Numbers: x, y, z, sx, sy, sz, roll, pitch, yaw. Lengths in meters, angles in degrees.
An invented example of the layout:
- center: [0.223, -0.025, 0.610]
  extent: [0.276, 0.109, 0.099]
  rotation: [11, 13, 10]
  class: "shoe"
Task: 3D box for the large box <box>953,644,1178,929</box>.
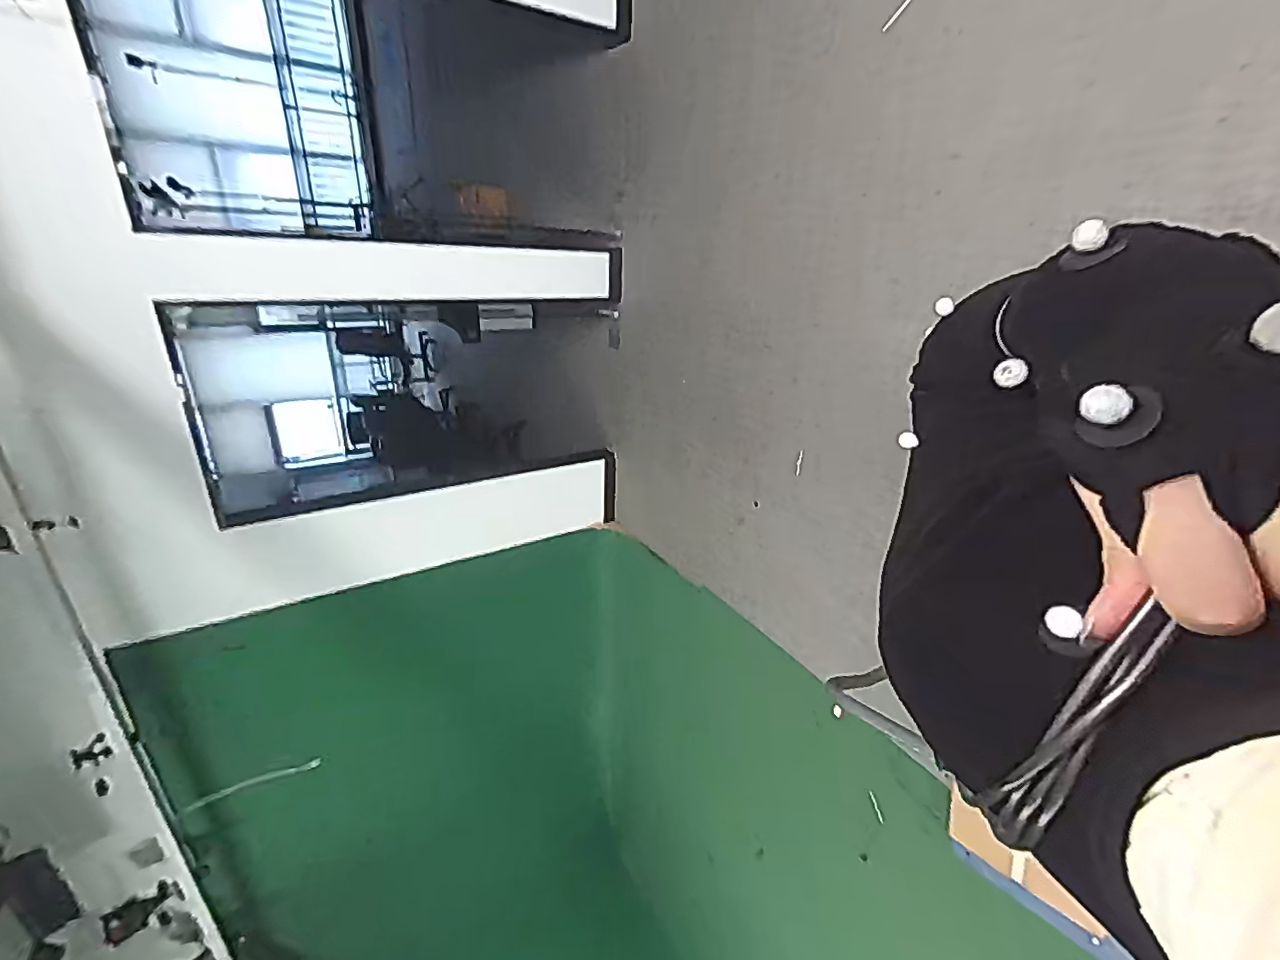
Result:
- center: [0.961, 0.657, 1.238]
  extent: [0.320, 0.320, 0.408]
  rotation: [16, 114, 56]
  class: "large box"

To do: Write the data out again exactly, but without its images.

Written solution:
Numbers: x, y, z, sx, sy, sz, roll, pitch, yaw. Lengths in meters, angles in degrees.
An invented example of the layout:
- center: [0.223, -0.025, 0.610]
  extent: [0.276, 0.109, 0.099]
  rotation: [11, 13, 10]
  class: "shoe"
Task: 3D box for the large box <box>953,644,1178,929</box>.
Result:
- center: [0.961, 0.657, 1.238]
  extent: [0.320, 0.320, 0.408]
  rotation: [16, 114, 56]
  class: "large box"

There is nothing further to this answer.